Eli Kirk Price | |
State Senate: | Pennsylvania |
District: | 1st |
Term Start: | 1853 |
Term End: | 1855 |
Predecessor: | Charles O'Neill |
Successor: | Harlan G. Ingram |
Party: | Whig |
Birth Date: | July 20, 1797 |
Birth Place: | East Bradford Township, Pennsylvania, US |
Death Date: | November 14, 1884 |
Occupation: | lawyer |
Eli Kirk Price (July 20, 1797 – November 14, 1884) was an American lawyer and politician from Philadelphia, Pennsylvania. He served as a Whig member of the Pennsylvania State Senate for the 1st district from 1853 to 1855, as commissioner of Fairmount Park from the time of its founding, and as a member of the American Philosophical Society.
Price was born in East Bradford Township, Pennsylvania to Philip and Rachel Price. His ancestor, Philip, was a Welsh Quaker who came to the Pennsylvania Colony with William Penn. He initially trained as a merchant before studying law in the office of John Sergeant. He was admitted to the bar in 1822 and specialized in real estate.[1]
He was elected to the Pennsylvania State Senate for the 1st district as a Whig and served from 1853 to 1855. He worked to secure the consolidation of the city and county of Philadelphia into one metropolitan unit. The Consolidation Act of 1854 passed in February 1854 and tripled the size of Philadelphia, making it the largest territorial city in the U.S.. Price quit his Senate office at the end of the term.
Price supported other reform efforts, helping to rewrite Pennsylvania's real estate laws, strengthen married women's rights to property, establish a building inspectorate in Philadelphia, and secure the real estate for Fairmount Park.[2]

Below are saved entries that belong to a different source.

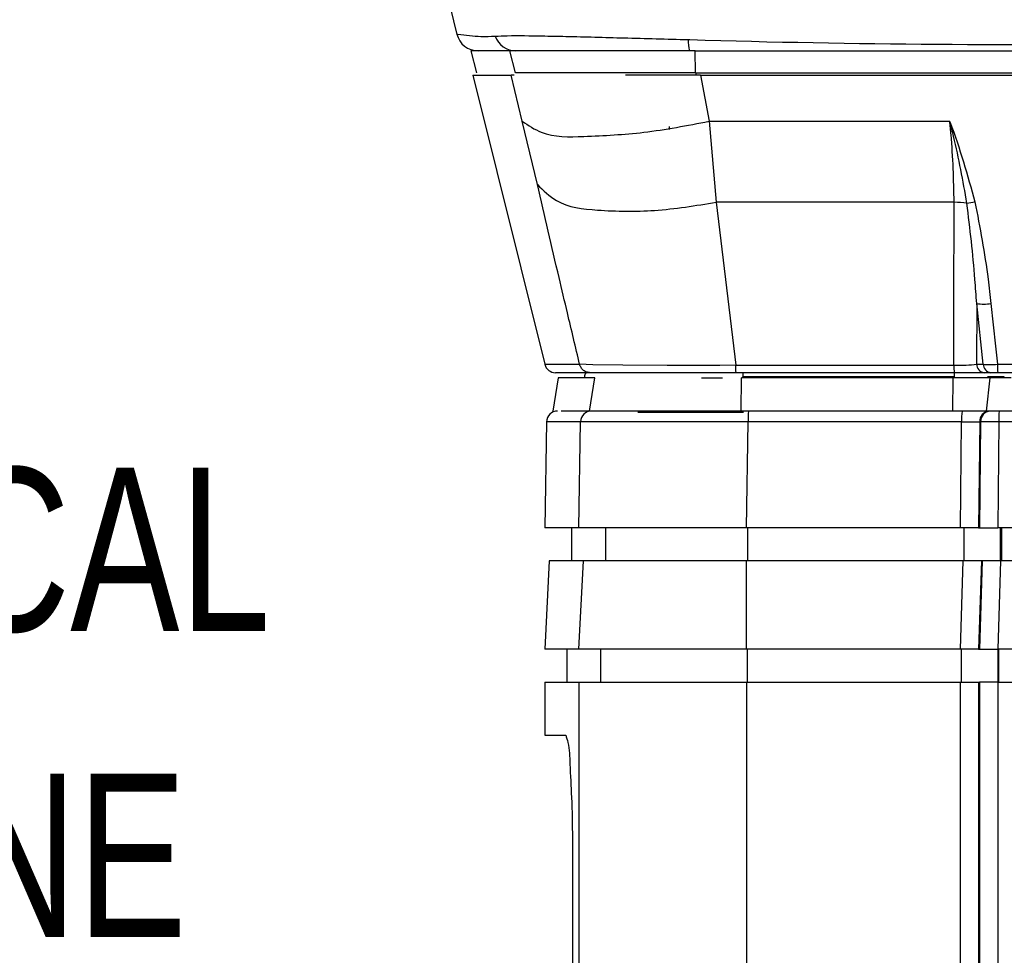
# Model space of a CAD drawing. Header units: millimetres. Extents: x 10 to 272, y 8 to 208.
# Tile 37 of 55: x 67 to 79, y 103 to 114. Entities that reach past the tile are written whole.
import ezdxf

# ---------------------------------------------------------------- set-up
doc = ezdxf.new("R2010")
doc.units = ezdxf.units.MM
doc.styles.add('SLDTEXTSTYLE0', font='TXT', dxfattribs={"width": 0.75})
doc.styles.add('SLDTEXTSTYLE1', font='TXT', dxfattribs={"width": 0.605})
doc.dimstyles.new('SLDDIMSTYLE2', dxfattribs={"dimtxt": 2.054655, "dimasz": 3, "dimexe": 0, "dimexo": 0.0625, "dimgap": 0.513664, "dimtad": 0, "dimtih": 1, "dimtoh": 1, "dimdec": 1, "dimlfac": 2, "dimrnd": 1e-09, "dimzin": 12, "dimdsep": 46, "dimtxsty": 'SLDTEXTSTYLE1', "dimsah": 1, "dimcen": 0.09, "dimadec": 0, "dimazin": 3, "dimtfac": 1, "dimtdec": 1, "dimtofl": 0, "dimtmove": 0, "dimatfit": 3, "dimfxl": 1, "dimfrac": 2, "dimtolj": 1, "dimtzin": 12, "dimarcsym": 0})

# ---------------------------------------------------------------- blocks, each defined once
blk = doc.blocks.new('SW_NOTE_6')
at = {"color": 0, "linetype": 'Continuous', "lineweight": 0, "char_height": 1.8521, "attachment_point": 2, "style": 'SLDTEXTSTYLE0'}
for s, insert in [('OPTICAL', (5.006, 2.387)), ('PLANE', (4.982, -1.082))]:
    blk.add_mtext(s, dxfattribs=dict(at, insert=insert))
blk = doc.blocks.new('_D_2')
at = {"color": 7, "linetype": 'Continuous', "lineweight": 18}
for p, q in [((66.896, 131.988), (50.635, 131.988)), ((52.135, 131.988), (52.135, 114.604)), ((52.135, 114.134), (51.429, 114.134)), ((51.429, 114.134), (51.429, 110.979)), ((57.622, 114.134), (58.328, 114.134)), ((58.328, 114.134), (58.328, 110.979)), ((51.429, 110.979), (52.135, 110.979)), ((58.328, 110.979), (57.622, 110.979)), ((52.135, 93.278), (52.135, 110.508)), ((72.213, 93.278), (50.635, 93.278))]:
    blk.add_line(p, q, dxfattribs=at)
for points in [[(52.135, 131.988), (51.627, 128.988), (52.643, 128.988)], [(52.135, 93.278), (52.643, 96.278), (51.627, 96.278)]]:
    blk.add_solid(points, dxfattribs=at)
at = {"color": 7, "linetype": 'Continuous', "lineweight": 18, "char_height": 2.1167, "attachment_point": 1, "style": 'SLDTEXTSTYLE1'}
for s, insert in [('77.4', (45.236, 113.707)), ('3.05', (52.135, 113.707))]:
    blk.add_mtext(s, dxfattribs=dict(at, insert=insert))
blk = doc.blocks.new('_D_7')
at = {"color": 7, "linetype": 'Continuous', "lineweight": 18}
for p, q in [((91.891, 148.505), (91.185, 148.505)), ((91.185, 148.505), (91.185, 145.35)), ((97.378, 148.505), (98.084, 148.505)), ((98.084, 148.505), (98.084, 145.35)), ((68.728, 128.963), (68.728, 148.428)), ((117.332, 103.728), (117.332, 148.428)), ((68.728, 146.928), (84.522, 146.928)), ((117.332, 146.928), (99.26, 146.928)), ((91.185, 145.35), (91.891, 145.35)), ((98.084, 145.35), (97.378, 145.35))]:
    blk.add_line(p, q, dxfattribs=at)
for points in [[(68.728, 146.928), (71.728, 146.42), (71.728, 147.436)], [(117.332, 146.928), (114.332, 147.436), (114.332, 146.42)]]:
    blk.add_solid(points, dxfattribs=at)
at = {"color": 7, "linetype": 'Continuous', "lineweight": 18, "char_height": 2.1167, "attachment_point": 1, "style": 'SLDTEXTSTYLE1'}
for s, insert in [('97.2', (84.992, 148.078)), ('3.83', (91.891, 148.078))]:
    blk.add_mtext(s, dxfattribs=dict(at, insert=insert))

msp = doc.modelspace()

# ---------------------------------------------------------------- linework, layer by layer
at = {"color": 7, "linetype": 'Continuous', "lineweight": 25}
for p, q in [((72.3484, 113.9567), (72.4242, 113.6488)), ((72.58, 113.4627), (72.647, 113.2127)), ((73.0222, 113.4627), (72.58, 113.4627)), ((73.089, 113.2127), (73.0222, 113.4627)), ((75.1247, 113.4627), (73.0222, 113.4627)), ((75.128, 113.2127), (75.1247, 113.4627)), ((75.1247, 113.4627), (87.0212, 113.4627)), ((72.6028, 113.1877), (73.4206, 109.9075)), ((72.6028, 113.1877), (73.0408, 113.1877)), ((73.165, 112.6645), (73.0408, 113.1878)), ((73.0716, 113.1877), (73.0408, 113.1877)), ((75.128, 113.2127), (73.089, 113.2127)), ((75.1861, 113.1877), (74.3338, 113.1877)), ((75.128, 113.2127), (87.0227, 113.2127)), ((75.187, 113.1878), (75.2831, 112.6645)), ((75.1871, 113.1877), (99.4782, 113.1877)), ((73.336, 111.9478), (73.165, 112.6645)), ((75.2831, 112.6645), (78.0114, 112.6645)), ((75.2831, 112.6645), (75.3654, 111.7457)), ((74.8317, 112.6029), (74.8317, 112.5717)), ((78.0622, 111.7457), (75.3654, 111.7457)), ((75.3654, 111.7457), (75.5856, 109.896)), ((78.3182, 110.5954), (78.3169, 109.9075)), ((78.3923, 109.9075), (78.3182, 110.5954)), ((73.4206, 109.9075), (73.8156, 109.9075)), ((75.5856, 109.896), (78.0587, 109.896)), ((78.3169, 109.9075), (78.3923, 109.9075)), ((78.5535, 109.9075), (97.828, 109.9075)), ((73.9367, 109.8127), (73.5419, 109.8127)), ((73.8704, 109.7645), (73.8702, 109.7527)), ((75.5912, 109.8127), (73.9367, 109.8127)), ((78.0638, 109.8127), (75.5912, 109.8127)), ((75.6641, 109.7645), (75.6641, 109.7527)), ((78.0618, 109.7645), (75.6641, 109.7645)), ((78.0618, 109.7645), (78.0618, 109.7527)), ((78.4027, 109.8127), (78.0638, 109.8127)), ((78.478, 109.8127), (78.4027, 109.8127)), ((78.6312, 109.7645), (78.4392, 109.7645)), ((78.5586, 109.8127), (78.478, 109.8127)), ((97.8285, 109.8127), (78.5586, 109.8127)), ((78.6311, 109.7527), (78.6312, 109.7645)), ((73.5727, 109.7527), (73.5133, 109.3777)), ((73.9862, 109.7527), (73.5727, 109.7527)), ((73.9269, 109.3777), (73.9862, 109.7527)), ((75.1978, 109.7527), (75.437, 109.7527)), ((75.6476, 109.3777), (75.6504, 109.7527)), ((78.0495, 109.7527), (75.6504, 109.7527)), ((78.047, 109.3777), (78.0495, 109.7527)), ((78.4695, 109.7527), (78.0495, 109.7527)), ((78.4294, 109.3777), (78.4695, 109.7527)), ((78.7074, 109.7527), (78.4695, 109.7527)), ((73.9504, 109.3777), (73.6077, 109.3777)), ((75.6476, 109.3777), (73.9269, 109.3777)), ((75.7317, 109.3777), (73.9504, 109.3777)), ((74.4735, 109.366), (75.673, 109.366)), ((78.047, 109.3777), (75.6476, 109.3777)), ((78.1519, 109.3777), (75.7317, 109.3777)), ((78.4294, 109.3777), (78.047, 109.3777)), ((78.4604, 109.3777), (78.1519, 109.3777)), ((78.705, 109.3777), (78.4294, 109.3777)), ((78.5742, 109.3777), (78.4712, 109.3777)), ((97.7627, 109.3777), (78.5742, 109.3777)), ((73.4403, 109.2549), (73.4193, 108.0527)), ((73.8257, 109.2549), (73.4403, 109.2549)), ((73.8059, 108.0527), (73.8257, 109.2549)), ((75.7059, 108.0527), (75.7257, 109.2549)), ((78.1465, 109.2549), (75.7257, 109.2549)), ((78.1341, 108.0527), (78.1465, 109.2549)), ((78.3522, 109.2549), (78.3398, 108.0527)), ((78.363, 109.2549), (78.3506, 108.0527)), ((78.363, 109.2549), (78.3522, 109.2549)), ((78.5689, 109.2549), (78.5565, 108.0527)), ((97.7622, 109.2549), (78.5689, 109.2549)), ((73.8059, 108.0527), (73.4193, 108.0527)), ((73.7217, 108.0527), (73.7217, 107.6777)), ((75.7059, 108.0527), (73.8059, 108.0527)), ((74.1077, 108.0527), (74.1077, 107.6777)), ((78.1341, 108.0527), (75.7059, 108.0527)), ((75.7206, 108.0527), (75.7206, 107.6777)), ((78.3398, 108.0527), (78.1341, 108.0527)), ((78.176, 107.6777), (78.176, 108.0527)), ((78.3398, 108.0527), (78.3506, 108.0527)), ((78.3506, 108.0527), (78.5565, 108.0527)), ((97.7743, 108.0527), (78.5565, 108.0527)), ((78.5872, 107.6777), (78.5872, 108.0527)), ((78.5981, 108.0527), (78.5981, 107.6777)), ((73.4717, 107.6777), (73.4193, 106.6777)), ((73.8582, 107.6777), (73.4717, 107.6777)), ((73.8059, 106.6777), (73.8582, 107.6777)), ((75.7086, 107.6777), (73.8582, 107.6777)), ((75.7061, 106.6777), (75.7086, 107.6777)), ((78.1652, 107.6777), (75.7086, 107.6777)), ((78.1342, 106.6777), (78.1652, 107.6777)), ((78.3707, 107.6777), (78.1652, 107.6777)), ((78.3707, 107.6777), (78.3397, 106.6777)), ((78.3817, 107.6777), (78.3507, 106.6777)), ((78.3817, 107.6777), (78.3707, 107.6777)), ((78.5874, 107.6777), (78.3817, 107.6777)), ((78.5874, 107.6777), (78.5564, 106.6777)), ((97.7443, 107.6777), (78.5874, 107.6777)), ((73.8059, 106.6777), (73.4193, 106.6777)), ((73.6693, 106.6777), (73.6693, 106.3027)), ((75.7061, 106.6777), (73.8059, 106.6777)), ((74.0554, 106.3027), (74.0554, 106.6777)), ((78.1342, 106.6777), (75.7061, 106.6777)), ((75.7181, 106.3027), (75.7181, 106.6777)), ((78.3397, 106.6777), (78.1342, 106.6777)), ((78.145, 106.3027), (78.145, 106.6777)), ((78.3397, 106.6777), (78.3507, 106.6777)), ((78.3507, 106.6777), (78.5564, 106.6777)), ((78.5562, 106.6777), (78.5562, 106.3027)), ((97.7745, 106.6777), (78.5564, 106.6777)), ((78.5671, 106.6777), (78.5671, 106.3027)), ((73.4193, 106.3027), (73.4193, 105.7027)), ((73.4193, 106.3027), (73.8059, 106.3027)), ((73.8059, 106.3027), (73.8059, 94.4777)), ((73.8059, 106.3027), (75.7061, 106.3027)), ((75.7061, 106.3027), (75.7061, 94.4777)), ((75.7061, 106.3027), (78.1341, 106.3027)), ((78.1341, 94.4777), (78.1341, 106.3027)), ((78.1341, 106.3027), (78.3398, 106.3027)), ((78.3398, 106.3027), (78.3398, 94.4777)), ((78.3398, 106.3027), (78.3506, 106.3027)), ((78.3506, 106.3027), (78.3506, 94.4777)), ((78.5565, 106.3027), (78.3506, 106.3027)), ((78.5565, 106.3027), (78.5565, 94.4777)), ((78.5565, 106.3027), (97.7743, 106.3027)), ((73.4193, 105.7027), (73.6571, 105.7027)), ((73.7359, 104.2027), (73.7359, 98.7527))]:
    msp.add_line(p, q, dxfattribs=at)
at = {"color": 7, "linetype": 'Continuous', "lineweight": 25, "flags": 128}
for points in [[(78.0587, 109.896), (78.06, 110.5667), (78.0622, 111.7457)], [(78.4795, 110.5954), (78.5315, 110.1124), (78.5535, 109.9075)], [(75.5856, 109.896), (75.5855, 109.896), (75.4045, 109.8955), (74.8072, 109.8954), (74.3061, 109.8975), (73.9632, 109.9016), (73.8156, 109.9075), (73.8156, 109.9075)]]:
    msp.add_lwpolyline(points, dxfattribs=at)
at = {"color": 7, "linetype": 'Continuous', "lineweight": 25}
for centre, radius, start, end in [((72.6652, 113.7127), 0.25, 193.97102, 269.99799), ((73.093, 113.7121), 0.2494, 199.40511, 269.95654), ((75.4307, 113.5689), 0.3843, 176.75631, 196.03259), ((77.5676, 113.2124), 2.4356, 179.99195, 180.58007), ((78.0476, 110.6399), 1.1058, 81.66576, 89.24049), ((78.0883, 112.6943), 0.9677, 277.0968, 282.55716), ((78.3988, 111.3702), 0.779, 264.05944, 275.94056), ((73.5419, 109.9377), 0.125, 193.99965, 269.99998), ((78.4742, 109.8797), 0.4158, 177.74688, 189.26224), ((78.4178, 109.9126), 0.101, 182.8912, 261.40303), ((78.4931, 109.9126), 0.101, 182.89066, 261.40233), ((79.0625, 109.8875), 0.5094, 177.75267, 188.44234), ((73.9704, 109.7627), 0.1, 150.00196, 178.99631), ((77.5505, 109.7644), 1.8863, 178.53064, 179.9965), ((80.1858, 109.7642), 2.124, 178.69006, 179.99188), ((73.5652, 109.2527), 0.125, 90.00027, 178.99929), ((73.9505, 109.2529), 0.1249, 90.05422, 179.05644), ((76.3669, 109.2852), 0.6419, 171.71206, 182.70507), ((78.8589, 109.2852), 0.7131, 172.54523, 182.4355), ((78.4692, 109.2609), 0.1172, 94.31136, 182.91086), ((78.4801, 109.2609), 0.1172, 94.30946, 182.91277), ((79.2963, 109.2852), 0.728, 172.6973, 182.38404)]:
    msp.add_arc(centre, radius, start, end, dxfattribs=at)
for points, knots in [([(72.4357, 113.6517), (72.5226, 113.6406), (72.6628, 113.6226), (72.804, 113.6274), (72.8578, 113.6293)], [0, 0, 0, 0, 0.6194358, 1, 1, 1, 1]), ([(72.8578, 113.6293), (72.9031, 113.6311), (73.0794, 113.638), (73.347, 113.633), (73.7883, 113.6248), (74.3416, 113.6085), (74.804, 113.5968), (75.0469, 113.5906)], [0, 0, 0, 0, 0.062209, 0.2416919, 0.3663515, 0.6670644, 1, 1, 1, 1]), ([(75.0469, 113.5906), (75.0529, 113.5904), (75.0589, 113.5902), (75.0649, 113.5902), (75.065, 113.5902)], [0, 0, 0, 0, 0.9982428, 1, 1, 1, 1]), ([(75.065, 113.5902), (75.065, 113.5902), (78.7961, 113.4736), (86.0786, 113.6632), (94.2455, 113.6003), (98.6804, 113.6199), (99.5685, 113.6238)], [0, 0, 0, 0, 0.0000012, 0.4570321, 0.8912764, 1, 1, 1, 1]), ([(73.165, 112.6645), (73.2349, 112.6172), (73.4405, 112.4778), (73.936, 112.4931), (74.5651, 112.5254), (75.0362, 112.6167), (75.2831, 112.6645)], [0, 0, 0, 0, 0.1150357, 0.338536, 0.6533321, 1, 1, 1, 1]), ([(78.0114, 112.6645), (78.0131, 112.6602), (78.1268, 112.3616), (78.2134, 112.0535), (78.2987, 111.7498)], [0, 0, 0, 0, 0.01429797, 1, 1, 1, 1]), ([(78.0622, 111.7457), (78.0565, 112.0012), (78.0496, 112.3082), (78.0169, 112.6134), (78.0114, 112.6645)], [0, 0, 0, 0, 0.8323429, 1, 1, 1, 1]), ([(78.2079, 111.7341), (78.1627, 111.9887), (78.1081, 112.2966), (78.0279, 112.6034), (78.0126, 112.66), (78.0114, 112.6645)], [0, 0, 0, 0, 0.81508813, 0.98542991, 1, 1, 1, 1]), ([(73.336, 111.9478), (73.4044, 111.8794), (73.5874, 111.6965), (74.0811, 111.6443), (74.6829, 111.6354), (75.1311, 111.7078), (75.3654, 111.7457)], [0, 0, 0, 0, 0.1342875, 0.3594383, 0.6652444, 1, 1, 1, 1]), ([(73.8156, 109.9075), (73.7694, 110.1018), (73.6915, 110.4297), (73.5298, 111.1094), (73.4175, 111.5955), (73.336, 111.9478)], [0, 0, 0, 0, 0.2858304, 0.4824751, 1, 1, 1, 1]), ([(78.3182, 110.5954), (78.312, 110.6873), (78.2864, 111.0679), (78.2417, 111.4467), (78.2079, 111.7341)], [0, 0, 0, 0, 0.2415502, 1, 1, 1, 1]), ([(78.2987, 111.7498), (78.354, 111.459), (78.4269, 111.076), (78.4693, 110.6886), (78.4795, 110.5954)], [0, 0, 0, 0, 0.7593484, 1, 1, 1, 1]), ([(73.9367, 109.8127), (73.9229, 109.8141), (73.8953, 109.8167), (73.8586, 109.8376), (73.8295, 109.8682), (73.8203, 109.8944), (73.8156, 109.9075)], [0, 0, 0, 0, 0.2498097, 0.4997195, 0.7497872, 1, 1, 1, 1]), ([(75.5912, 109.8127), (75.5906, 109.8147), (75.5881, 109.822), (75.5879, 109.8389), (75.5861, 109.8646), (75.5858, 109.8848), (75.5856, 109.896)], [0, 0, 0, 0, 0.0734164, 0.2781606, 0.59688, 1, 1, 1, 1]), ([(78.0587, 109.896), (78.1059, 109.8966), (78.1921, 109.8976), (78.278, 109.9044), (78.3169, 109.9075)], [0, 0, 0, 0, 0.54719503, 1, 1, 1, 1]), ([(78.3923, 109.9075), (78.417, 109.9065), (78.4707, 109.9044), (78.5245, 109.9064), (78.5535, 109.9075)], [0, 0, 0, 0, 0.4599543, 1, 1, 1, 1]), ([(75.7257, 109.2549), (75.4901, 109.2551), (75.0541, 109.2555), (74.4795, 109.2556), (74.0818, 109.2558), (73.8844, 109.2551), (73.8257, 109.2549)], [0, 0, 0, 0, 0.372074, 0.6883567, 0.9072315, 1, 1, 1, 1]), ([(78.1465, 109.2549), (78.167, 109.255), (78.2067, 109.2552), (78.2626, 109.2552), (78.3106, 109.2552), (78.3395, 109.255), (78.3522, 109.2549)], [0, 0, 0, 0, 0.2999514, 0.5777167, 0.8156953, 1, 1, 1, 1]), ([(78.5689, 109.2549), (78.5487, 109.2551), (78.509, 109.2554), (78.4528, 109.2556), (78.4044, 109.2555), (78.3754, 109.2551), (78.363, 109.2549)], [0, 0, 0, 0, 0.2951962, 0.5777222, 0.8194909, 1, 1, 1, 1]), ([(73.6571, 105.7027), (73.6661, 105.6746), (73.7004, 105.5683), (73.7042, 105.3283), (73.728, 104.9672), (73.7342, 104.5763), (73.7354, 104.3118), (73.7359, 104.2027)], [0, 0, 0, 0, 0.05867264, 0.22196219, 0.47271731, 0.78257145, 1, 1, 1, 1])]:
    msp.add_open_spline(points, degree=3, knots=knots, dxfattribs=at)

# ---------------------------------------------------------------- block references
at = {"color": 7, "linetype": 'Continuous', "lineweight": 0}
msp.add_blockref('SW_NOTE_6', (61.3308, 106.3482), dxfattribs=at)

# ---------------------------------------------------------------- dimensions: what is measured, and where the dimension line sits
at = {"color": 7, "linetype": 'Continuous', "lineweight": 18}
dim = msp.add_linear_dim(base=(68.728, 146.9275), p1=(117.3324, 101.7277), p2=(68.728, 126.9627), dimstyle='SLDDIMSTYLE2', dxfattribs=at)
dim.commit()
dim.dimension.update_dxf_attribs({"geometry": '_D_7', "text_midpoint": (91.8907, 146.9275), "dimtype": 160})
dim = msp.add_linear_dim(base=(52.1348, 131.9877), p1=(74.213, 93.2777), p2=(68.8965, 131.9877), angle=90, dimstyle='SLDDIMSTYLE2', dxfattribs=at)
dim.commit()
dim.dimension.update_dxf_attribs({"geometry": '_D_2', "text_midpoint": (52.1348, 112.5562), "dimtype": 160})

doc.saveas('drawing.dxf')

He was an active member of the American Philosophical Society and a constant contributor to its "Transactions," a member of several foreign scientific and literary societies, president of the University hospital, of the Preston retreat, of the Pennsylvania Colonization Society, and of the Numismatic and antiquarian society, a vice-president of the American Philosophical Society, and a trustee of the University of Pennsylvania. He published "Of the Law of Limitations and Liens against Real Estate in Pennsylvania" (Philadelphia, 1857); several treatises that were contributed to the American Philosophical Society; and the memorial volumes "Philip and Rachel Price" (printed privately, 1852); "Rebecca" (1862); and the "Centennial Meeting of the Descendants of Philip and Rachel Price" (1864).
Price was for a time an active member of the Pennsylvania Colonization Society. In 1860, he supported John Bell's Constitutional Union Party in the presidential election.
Price was married to Anna Embree in June 1818.[1]
He was the grandfather of Eli Kirk Price II, another noted Philadelphia citizen.
The Eli Kirk Price fountain at Eakins Oval in Philadelphia is named in his honor.[3]